In truth, I could not believe how much this movie does not suck.

Part of it comes from this being the rare teen movie with leads that seem like actual teens, not refugees from the WB. (Although I guess technically Michelle Trachtenberg is a WB survivor, she was 17 when this movie was shot and looks it.) This youth makes their eagerness and naivete believable, and goes a long way to somehow buffering the hilarious tastelessness of some of the jokes. Some may be offended by the two lead guys' homophobia, but it's in character and they pay for it more than once. Besides, it provides an excuse for Fred Armisen to play "Creepy Italian Guy," and once you've seen that, all is forgiven.

On the afternoon of his high school graduation, Scott (Scott Mechlowicz) gets dumped by his girlfriend Fiona (Kristin Kreuk, actually using more than two expressions). The day gets worse from there. Not only is the break-up caught on videotape by his mom and played over and over by his little brother Bert (Nial Iskhakov), it turns out that Fiona's other boyfriend (Matt Damon) has immortalized his shame in song.

Only his German e-mail friend Mieke offers solace, until a drunken Scott fears the anonymous cyberpal is putting the moves on him. Before passing out, Scott flames Mieke. Too bad his German isn't good enough to realize that Mieke is a girl's name, and boy, is she hot.

Thus Scott and his best friend Cooper (Jacob Pitts) must journey to Berlin to undo the drunken damage, find Scott's soul mate (that would be Mieke, played voluptuously by Jessica Boehrs, a German pop star) and incidentally have kinky European sex. Along the way they join a couple of other friends from high school (Trachtenberg and Travis Wester), dubbed by Scott "the worst twins ever" due to their barely seeming related. Oh, how that will come back to haunt them.

Again, pretty typical fare, except that the jokes just keep coming out of left field and playing against expectations, starting with Damon's ode to Scott, an irritatingly catchy punk song that returns again and again, long after the movie ends. Zombie movies will be deflated forever by a nude beach sequence. What could have been a tired exercise with a face-off against a French mime turns into an unexpected tour de force of physical comedy. Yeah, you've seen the robot man in the commercials, but thankfully, none of its true brilliance is betrayed.

Much of the film will strike some as offensive. Catholics, in particular, will have a bone to pick with the filmmakers. However, it's unlikely they'll have made it far enough in to see the Vatican scenes, having been driven away by the cheerful Aryan child doing a Hitler impression. Kudos to Eurotrip for being willing to go anywhere for a joke, and doing it well.

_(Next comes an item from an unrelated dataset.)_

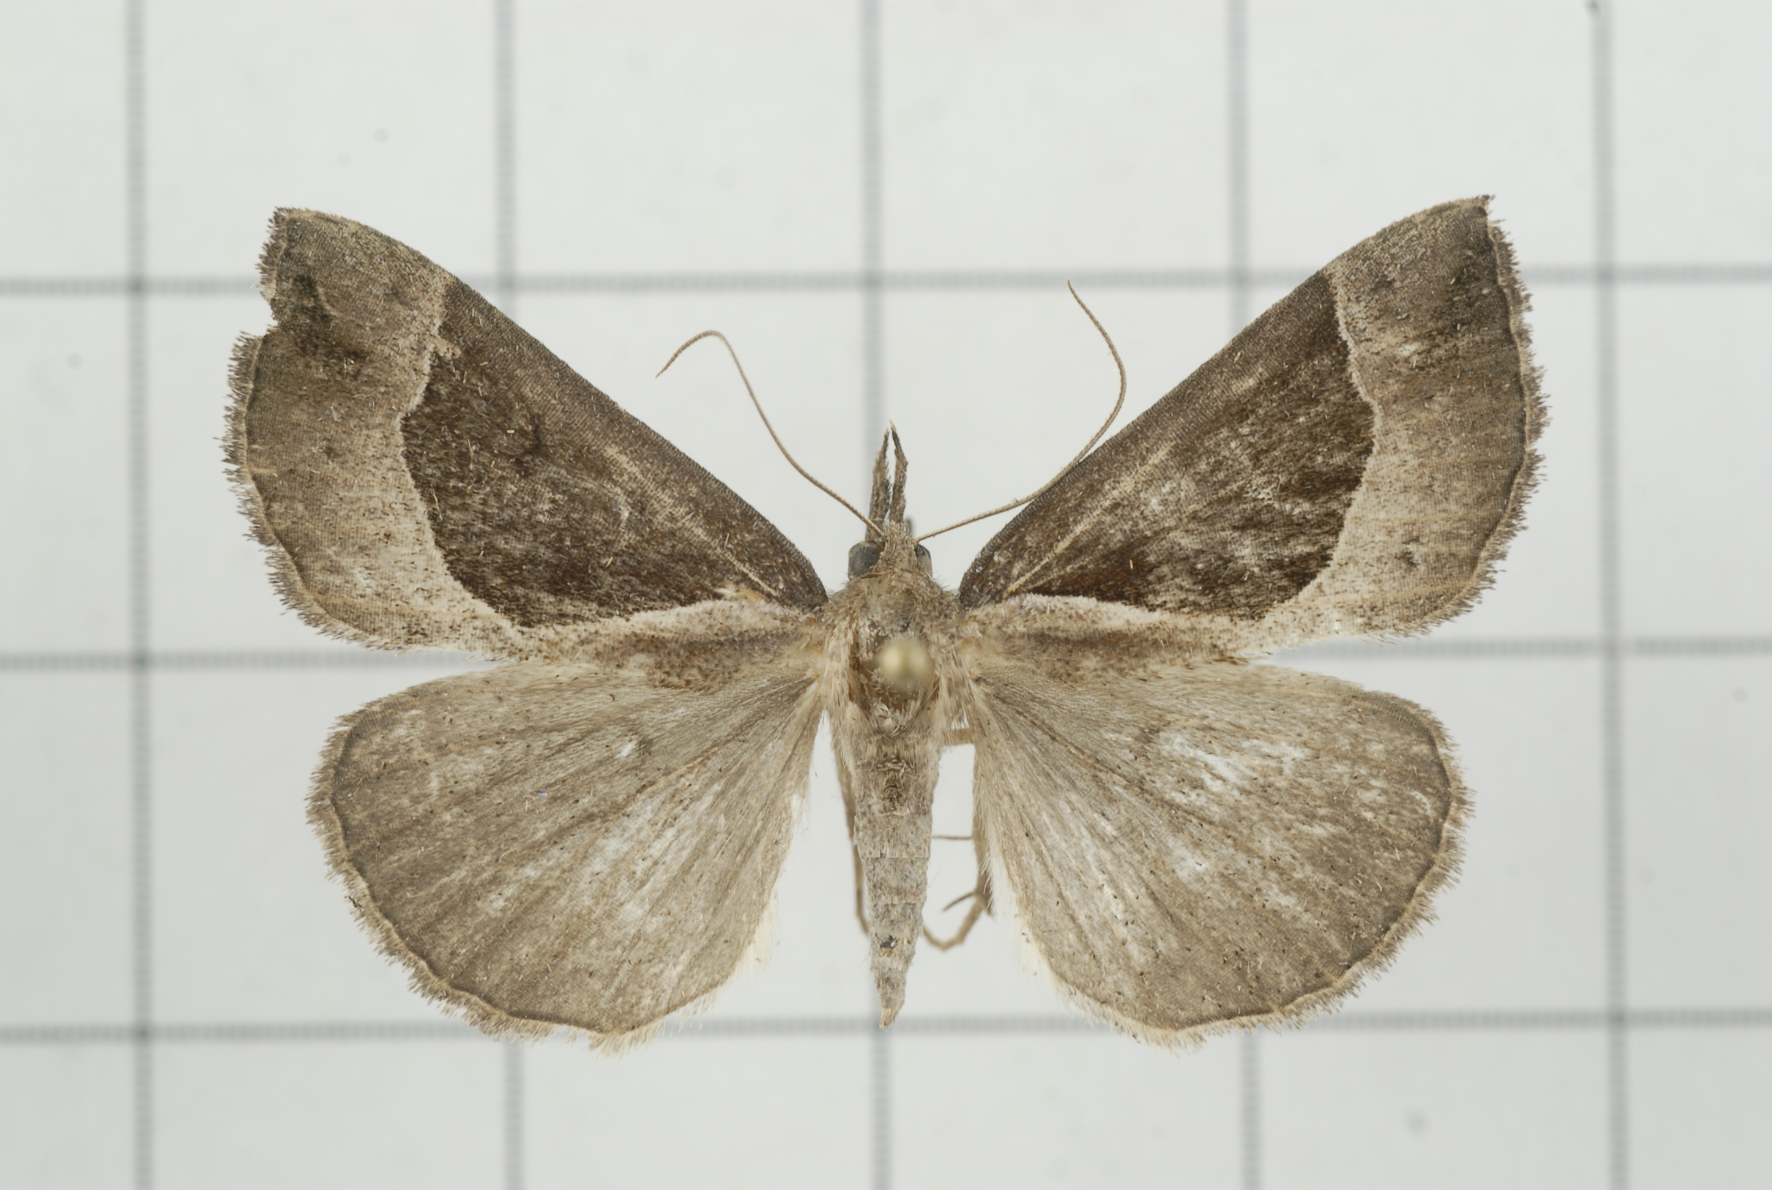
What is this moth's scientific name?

Even when jokes fall flat, and some do, the movie soon picks up steam again. Like a Seinfeld episode, bits reincorporate subtly, no surprise since the writing team actually did cut its teeth on that show. For the sake of time, a few clearly treasured jokes had to be cut and inserted back into the end credits, including a couple that left in would have completed the sacred comedy rule of three. I'm actually looking forward to the DVD release in order to hopefully see the deleted scenes put back.

Watch the USA network, and you'll see a lot of actors in teen comedies that sunk from view shortly afterward. It seems hard to imagine that happening to this cast. The main four are all likable and talented. In particular, Pitts seems a real find with great timing.

Overall, Eurotrip is an unexpected surprise, and absolutely the best of this week's releases. Most importantly, it's the kind of movie with gags you'll be referencing with your friends over and over when you're hanging out together. And that's certainly worth your nine bucks and then some.